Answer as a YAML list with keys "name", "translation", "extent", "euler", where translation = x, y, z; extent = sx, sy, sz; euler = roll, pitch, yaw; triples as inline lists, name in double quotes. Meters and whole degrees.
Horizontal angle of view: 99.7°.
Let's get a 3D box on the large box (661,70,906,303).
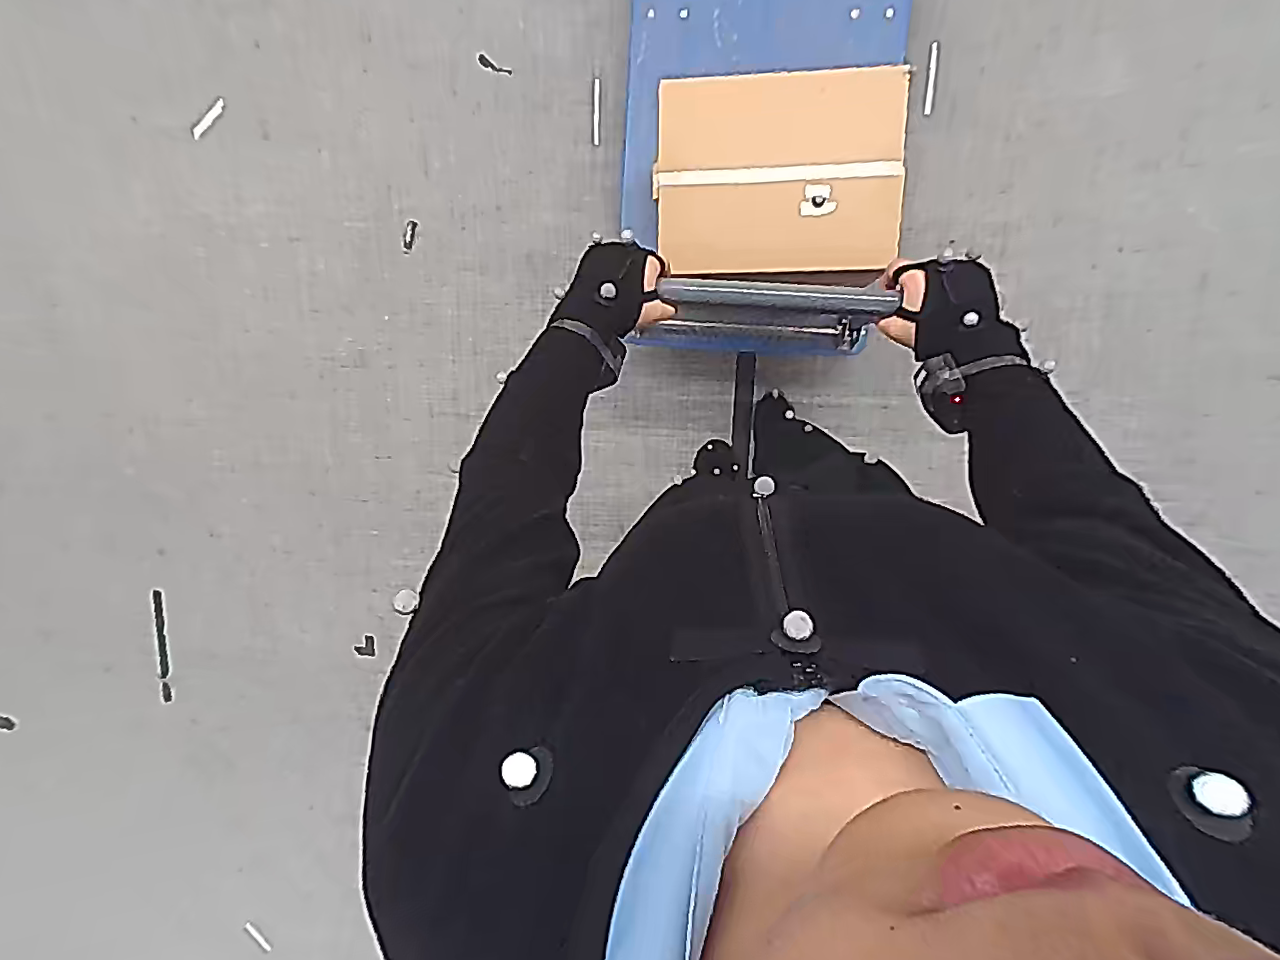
- name: "large box"
  translation: [0.248, -0.537, 1.063]
  extent: [0.408, 0.320, 0.320]
  euler: [0, 100, 5]
○ ○ ○ ○ ○
Required work — The output should hold only the lines from the one containing "Horizontal angle of view: 99.7°." through the last line of the listing, reproduced exactly, pictures omitted.

Solution for this exercise —
Horizontal angle of view: 99.7°.
Let's get a 3D box on the large box (661,70,906,303).
- name: "large box"
  translation: [0.248, -0.537, 1.063]
  extent: [0.408, 0.320, 0.320]
  euler: [0, 100, 5]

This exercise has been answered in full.